**Task objective**
Return, without pictures, the lines from the start of the data through the one that contains "What about the barrel/bucket <box>180,410,234,473</box>?".

**Task inputs**
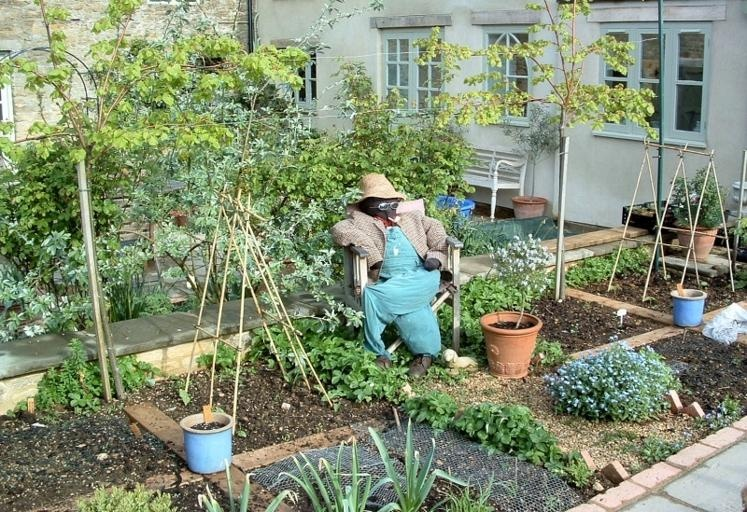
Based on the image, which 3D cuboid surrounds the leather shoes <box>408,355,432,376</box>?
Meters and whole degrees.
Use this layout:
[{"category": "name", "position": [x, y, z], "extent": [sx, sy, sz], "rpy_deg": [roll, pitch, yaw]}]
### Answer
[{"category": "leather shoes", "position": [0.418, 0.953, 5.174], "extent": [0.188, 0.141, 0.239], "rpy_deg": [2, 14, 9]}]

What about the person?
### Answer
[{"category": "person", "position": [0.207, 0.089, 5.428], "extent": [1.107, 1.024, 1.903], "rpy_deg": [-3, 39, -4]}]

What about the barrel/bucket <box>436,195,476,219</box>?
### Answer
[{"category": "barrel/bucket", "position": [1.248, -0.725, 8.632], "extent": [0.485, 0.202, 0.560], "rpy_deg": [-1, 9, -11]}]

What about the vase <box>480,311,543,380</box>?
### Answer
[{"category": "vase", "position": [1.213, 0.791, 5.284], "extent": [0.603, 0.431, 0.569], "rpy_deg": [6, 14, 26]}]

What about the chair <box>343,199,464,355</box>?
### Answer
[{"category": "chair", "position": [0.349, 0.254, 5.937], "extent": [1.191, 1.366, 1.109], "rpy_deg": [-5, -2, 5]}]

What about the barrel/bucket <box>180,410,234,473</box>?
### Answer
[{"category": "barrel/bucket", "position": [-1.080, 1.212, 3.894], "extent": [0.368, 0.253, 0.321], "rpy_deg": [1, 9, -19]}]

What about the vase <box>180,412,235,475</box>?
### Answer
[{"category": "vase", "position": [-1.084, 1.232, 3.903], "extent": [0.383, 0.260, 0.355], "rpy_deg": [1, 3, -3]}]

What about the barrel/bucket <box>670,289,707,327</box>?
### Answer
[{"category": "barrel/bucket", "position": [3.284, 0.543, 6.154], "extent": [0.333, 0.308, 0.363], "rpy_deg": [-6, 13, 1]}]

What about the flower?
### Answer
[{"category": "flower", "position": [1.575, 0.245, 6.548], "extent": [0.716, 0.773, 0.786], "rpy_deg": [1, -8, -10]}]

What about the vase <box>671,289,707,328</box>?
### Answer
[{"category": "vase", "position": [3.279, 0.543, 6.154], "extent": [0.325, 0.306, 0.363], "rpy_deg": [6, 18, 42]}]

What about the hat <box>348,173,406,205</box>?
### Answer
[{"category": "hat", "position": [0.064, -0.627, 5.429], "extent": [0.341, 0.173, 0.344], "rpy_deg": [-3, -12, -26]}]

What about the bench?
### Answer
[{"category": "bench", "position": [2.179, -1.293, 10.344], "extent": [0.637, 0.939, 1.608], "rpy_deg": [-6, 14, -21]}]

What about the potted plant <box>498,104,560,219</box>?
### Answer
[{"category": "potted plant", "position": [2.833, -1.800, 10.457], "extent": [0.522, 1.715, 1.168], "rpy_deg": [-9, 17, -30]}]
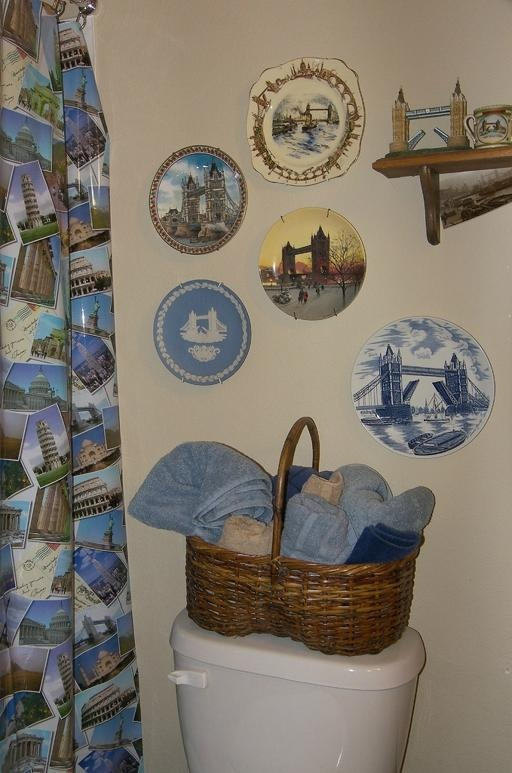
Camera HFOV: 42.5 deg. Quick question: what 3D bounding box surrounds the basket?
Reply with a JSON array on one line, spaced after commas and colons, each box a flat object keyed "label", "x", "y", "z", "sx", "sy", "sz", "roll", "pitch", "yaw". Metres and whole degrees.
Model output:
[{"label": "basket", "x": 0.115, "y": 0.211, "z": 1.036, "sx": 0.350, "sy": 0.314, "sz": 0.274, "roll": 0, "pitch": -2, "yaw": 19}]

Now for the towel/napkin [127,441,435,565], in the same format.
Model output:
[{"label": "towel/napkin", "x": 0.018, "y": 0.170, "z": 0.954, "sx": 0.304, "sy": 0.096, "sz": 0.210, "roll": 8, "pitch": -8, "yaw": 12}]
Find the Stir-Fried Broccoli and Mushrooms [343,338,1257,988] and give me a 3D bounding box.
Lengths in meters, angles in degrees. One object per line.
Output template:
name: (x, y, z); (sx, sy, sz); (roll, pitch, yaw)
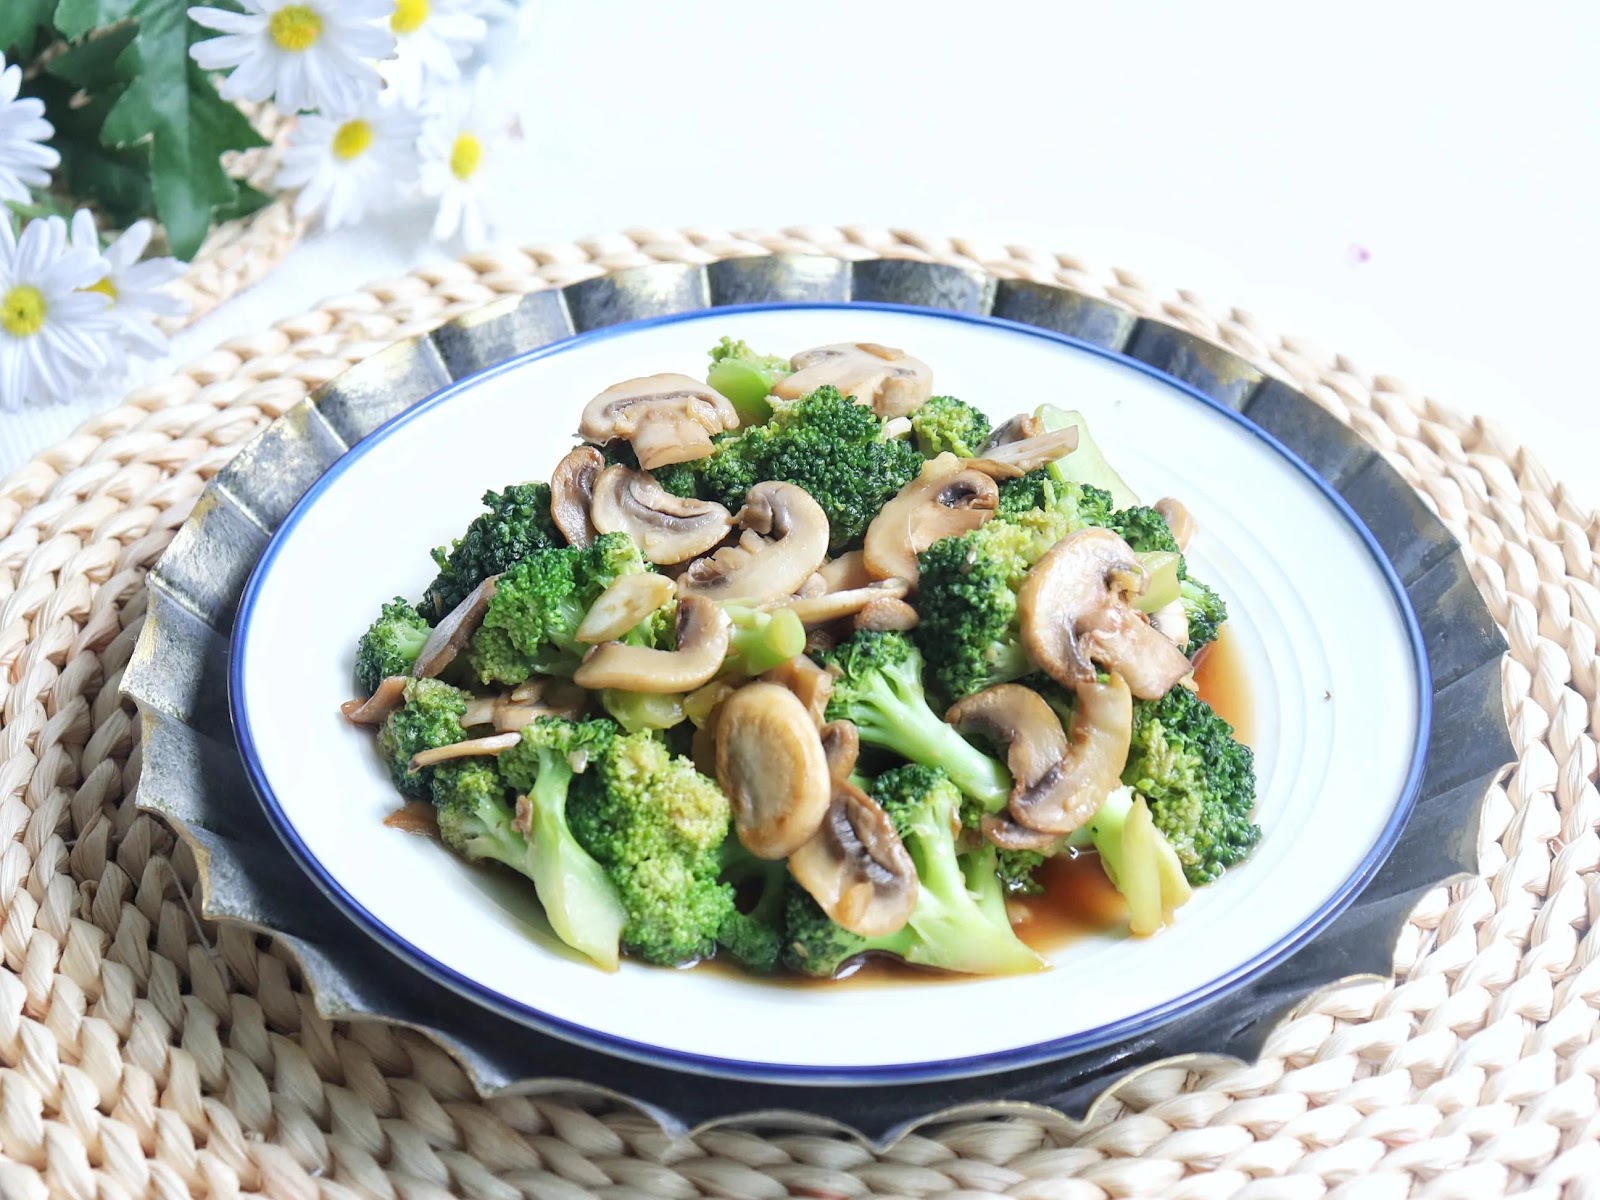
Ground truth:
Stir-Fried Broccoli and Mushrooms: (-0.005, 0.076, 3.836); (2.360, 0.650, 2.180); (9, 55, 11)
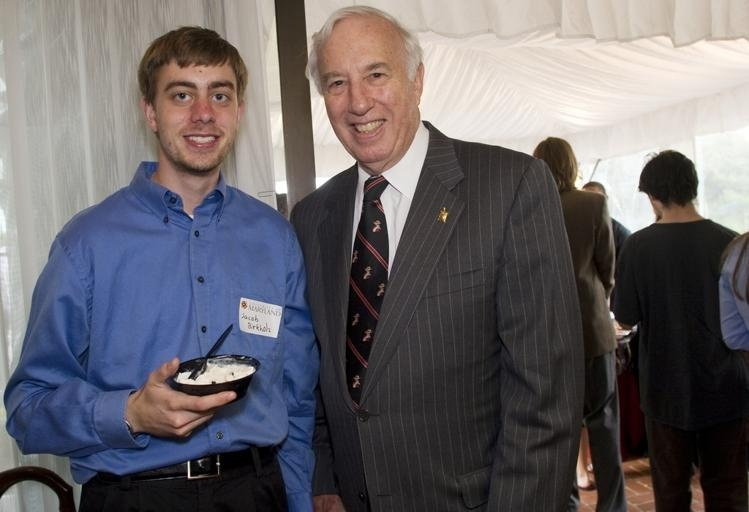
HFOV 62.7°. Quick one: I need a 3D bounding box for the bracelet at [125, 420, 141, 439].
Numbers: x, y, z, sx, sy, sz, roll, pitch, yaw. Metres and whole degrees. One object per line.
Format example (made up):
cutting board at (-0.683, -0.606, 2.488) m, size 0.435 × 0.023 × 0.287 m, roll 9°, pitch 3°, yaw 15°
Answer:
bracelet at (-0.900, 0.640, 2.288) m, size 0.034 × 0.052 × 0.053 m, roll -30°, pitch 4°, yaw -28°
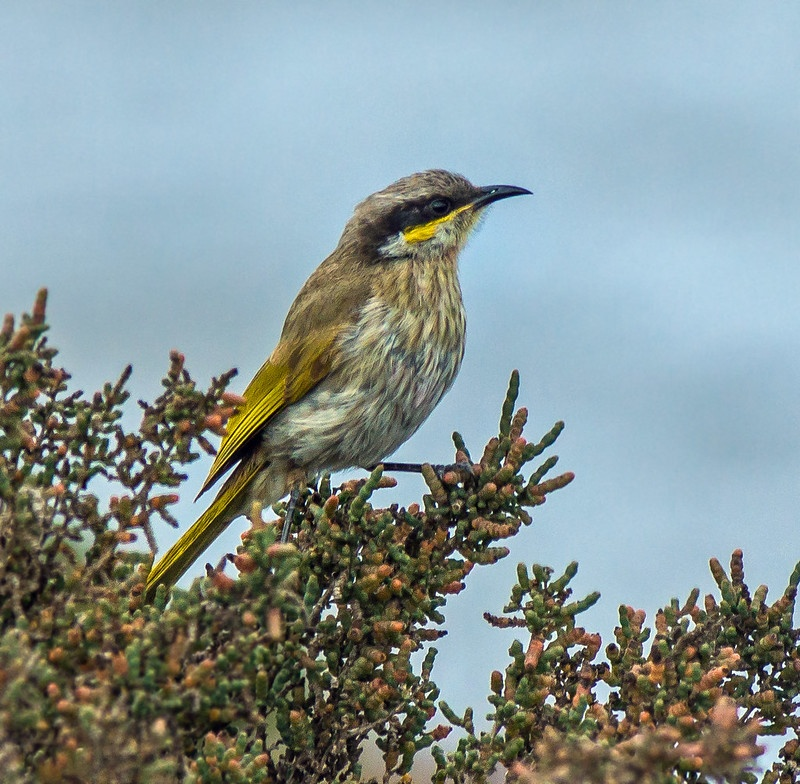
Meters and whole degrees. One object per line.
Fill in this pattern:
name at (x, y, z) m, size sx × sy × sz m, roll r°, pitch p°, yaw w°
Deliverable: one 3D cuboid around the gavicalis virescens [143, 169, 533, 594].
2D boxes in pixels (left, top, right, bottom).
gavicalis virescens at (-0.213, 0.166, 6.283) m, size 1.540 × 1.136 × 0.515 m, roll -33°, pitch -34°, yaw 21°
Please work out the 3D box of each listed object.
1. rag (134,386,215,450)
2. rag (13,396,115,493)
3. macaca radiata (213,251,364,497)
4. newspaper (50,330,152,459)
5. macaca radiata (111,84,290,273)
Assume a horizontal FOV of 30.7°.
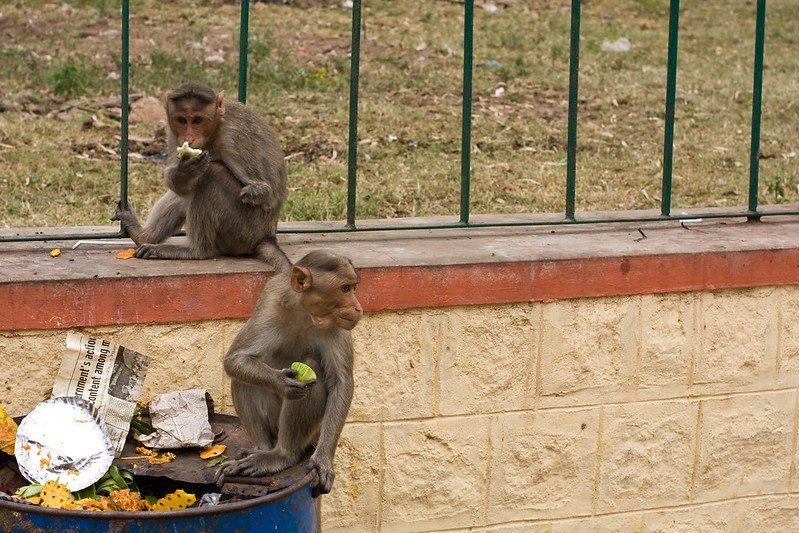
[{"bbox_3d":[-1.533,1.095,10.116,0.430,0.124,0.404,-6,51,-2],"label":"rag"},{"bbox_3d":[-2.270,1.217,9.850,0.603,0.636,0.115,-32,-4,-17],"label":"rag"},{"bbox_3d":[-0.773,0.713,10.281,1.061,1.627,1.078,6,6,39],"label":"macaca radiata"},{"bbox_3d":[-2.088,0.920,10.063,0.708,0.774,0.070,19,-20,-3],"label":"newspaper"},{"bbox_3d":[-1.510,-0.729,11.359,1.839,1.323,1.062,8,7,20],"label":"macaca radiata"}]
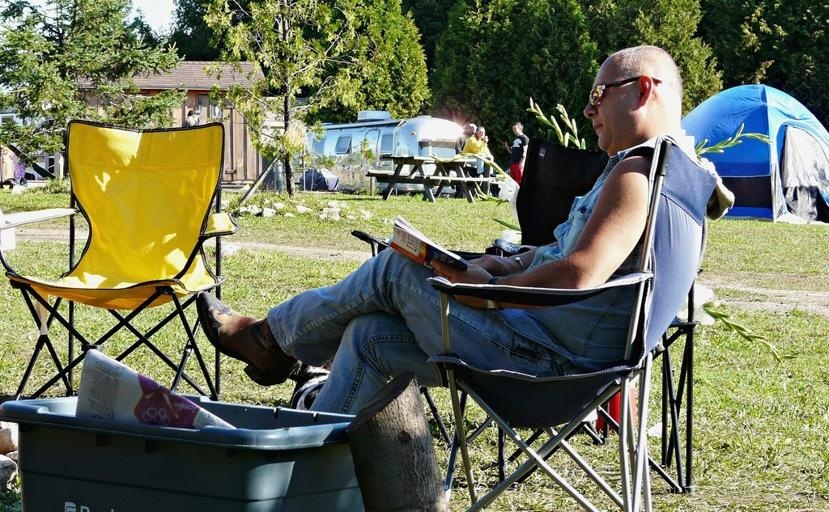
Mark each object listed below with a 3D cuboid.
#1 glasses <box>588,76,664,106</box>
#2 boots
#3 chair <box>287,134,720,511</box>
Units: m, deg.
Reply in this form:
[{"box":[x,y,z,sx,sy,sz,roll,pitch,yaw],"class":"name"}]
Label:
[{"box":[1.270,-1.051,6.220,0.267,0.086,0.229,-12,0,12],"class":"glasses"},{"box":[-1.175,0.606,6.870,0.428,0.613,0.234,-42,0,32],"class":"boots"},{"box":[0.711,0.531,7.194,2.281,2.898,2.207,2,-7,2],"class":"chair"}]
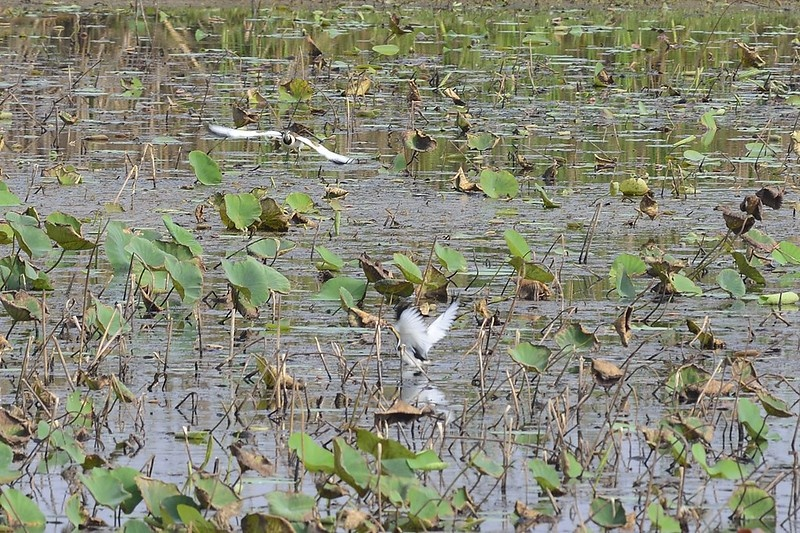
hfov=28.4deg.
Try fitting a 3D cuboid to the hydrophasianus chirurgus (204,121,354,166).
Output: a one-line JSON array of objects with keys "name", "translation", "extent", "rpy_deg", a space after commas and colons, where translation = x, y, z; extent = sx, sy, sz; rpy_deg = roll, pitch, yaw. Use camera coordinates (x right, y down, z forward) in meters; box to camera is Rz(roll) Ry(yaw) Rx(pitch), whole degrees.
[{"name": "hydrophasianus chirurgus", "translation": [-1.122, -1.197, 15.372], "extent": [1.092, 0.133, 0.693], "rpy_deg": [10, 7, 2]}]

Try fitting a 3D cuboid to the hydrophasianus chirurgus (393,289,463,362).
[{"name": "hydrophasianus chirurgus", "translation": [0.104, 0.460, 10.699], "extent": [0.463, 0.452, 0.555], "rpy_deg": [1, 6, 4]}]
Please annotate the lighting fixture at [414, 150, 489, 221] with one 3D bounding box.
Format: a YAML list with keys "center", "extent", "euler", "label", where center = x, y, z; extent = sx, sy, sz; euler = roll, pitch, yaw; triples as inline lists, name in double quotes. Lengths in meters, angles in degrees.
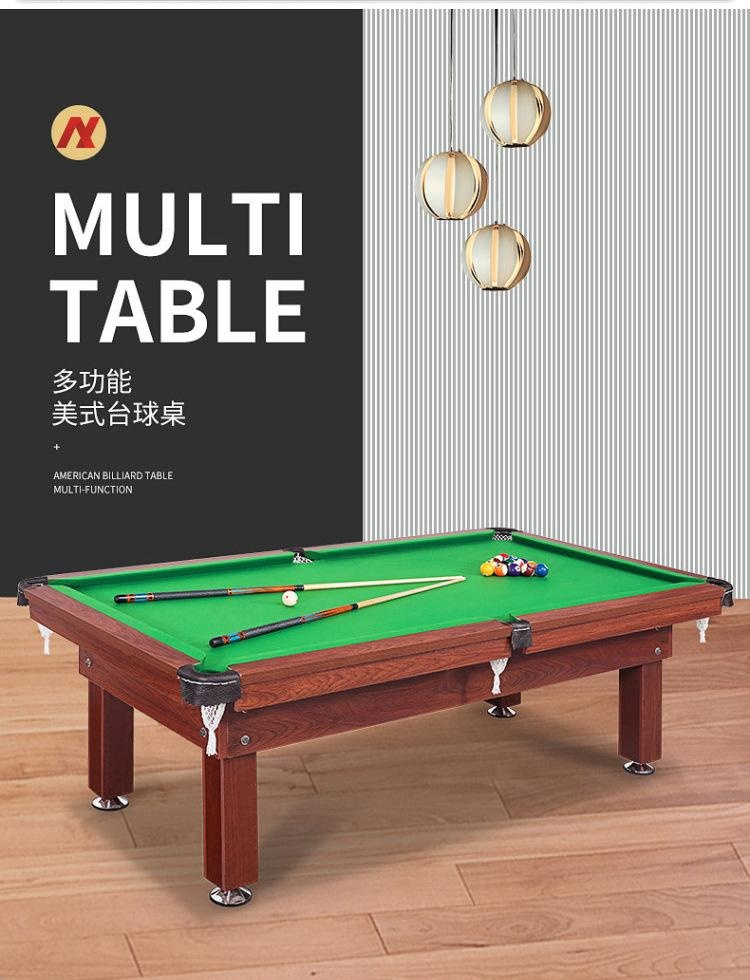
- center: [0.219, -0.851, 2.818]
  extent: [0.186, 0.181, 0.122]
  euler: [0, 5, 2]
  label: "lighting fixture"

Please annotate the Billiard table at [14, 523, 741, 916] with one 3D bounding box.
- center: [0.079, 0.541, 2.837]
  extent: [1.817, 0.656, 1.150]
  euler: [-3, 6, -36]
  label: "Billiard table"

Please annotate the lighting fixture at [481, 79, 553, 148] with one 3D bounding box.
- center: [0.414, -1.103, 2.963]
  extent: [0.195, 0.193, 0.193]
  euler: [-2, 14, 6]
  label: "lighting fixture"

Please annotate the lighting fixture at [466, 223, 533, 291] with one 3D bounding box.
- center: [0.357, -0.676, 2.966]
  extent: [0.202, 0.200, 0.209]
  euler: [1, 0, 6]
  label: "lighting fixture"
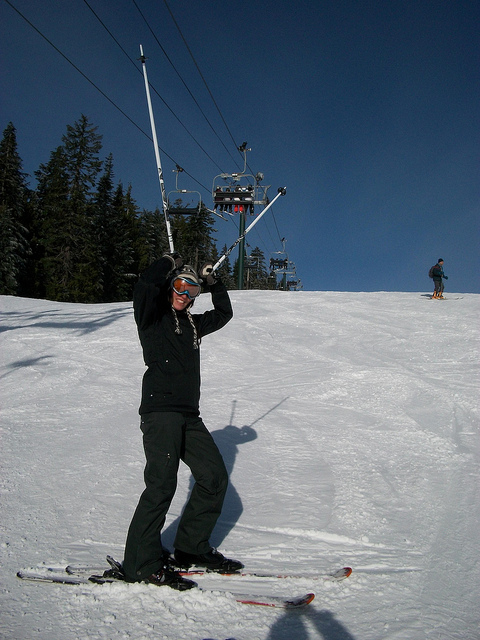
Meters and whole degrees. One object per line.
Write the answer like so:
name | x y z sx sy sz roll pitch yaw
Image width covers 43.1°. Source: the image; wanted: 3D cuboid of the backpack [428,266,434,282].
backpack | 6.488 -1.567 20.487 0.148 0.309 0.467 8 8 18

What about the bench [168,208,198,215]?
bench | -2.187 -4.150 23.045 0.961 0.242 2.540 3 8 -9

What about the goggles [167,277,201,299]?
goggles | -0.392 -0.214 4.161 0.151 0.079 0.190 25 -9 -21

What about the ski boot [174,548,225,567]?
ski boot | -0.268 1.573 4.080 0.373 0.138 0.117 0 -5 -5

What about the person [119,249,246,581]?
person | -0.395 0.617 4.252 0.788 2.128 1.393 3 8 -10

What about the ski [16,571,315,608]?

**Response to this task**
Based on the image, which 3D cuboid surrounds the leather shoes <box>408,355,432,376</box>?
Meters and whole degrees.
Use this layout:
[{"category": "name", "position": [x, y, z], "extent": [sx, sy, sz], "rpy_deg": [roll, pitch, yaw]}]
### Answer
[{"category": "leather shoes", "position": [0.418, 0.953, 5.174], "extent": [0.188, 0.141, 0.239], "rpy_deg": [2, 14, 9]}]

What about the person?
### Answer
[{"category": "person", "position": [0.207, 0.089, 5.428], "extent": [1.107, 1.024, 1.903], "rpy_deg": [-3, 39, -4]}]

What about the barrel/bucket <box>436,195,476,219</box>?
### Answer
[{"category": "barrel/bucket", "position": [1.248, -0.725, 8.632], "extent": [0.485, 0.202, 0.560], "rpy_deg": [-1, 9, -11]}]

What about the vase <box>480,311,543,380</box>?
### Answer
[{"category": "vase", "position": [1.213, 0.791, 5.284], "extent": [0.603, 0.431, 0.569], "rpy_deg": [6, 14, 26]}]

What about the chair <box>343,199,464,355</box>?
### Answer
[{"category": "chair", "position": [0.349, 0.254, 5.937], "extent": [1.191, 1.366, 1.109], "rpy_deg": [-5, -2, 5]}]

What about the barrel/bucket <box>180,410,234,473</box>?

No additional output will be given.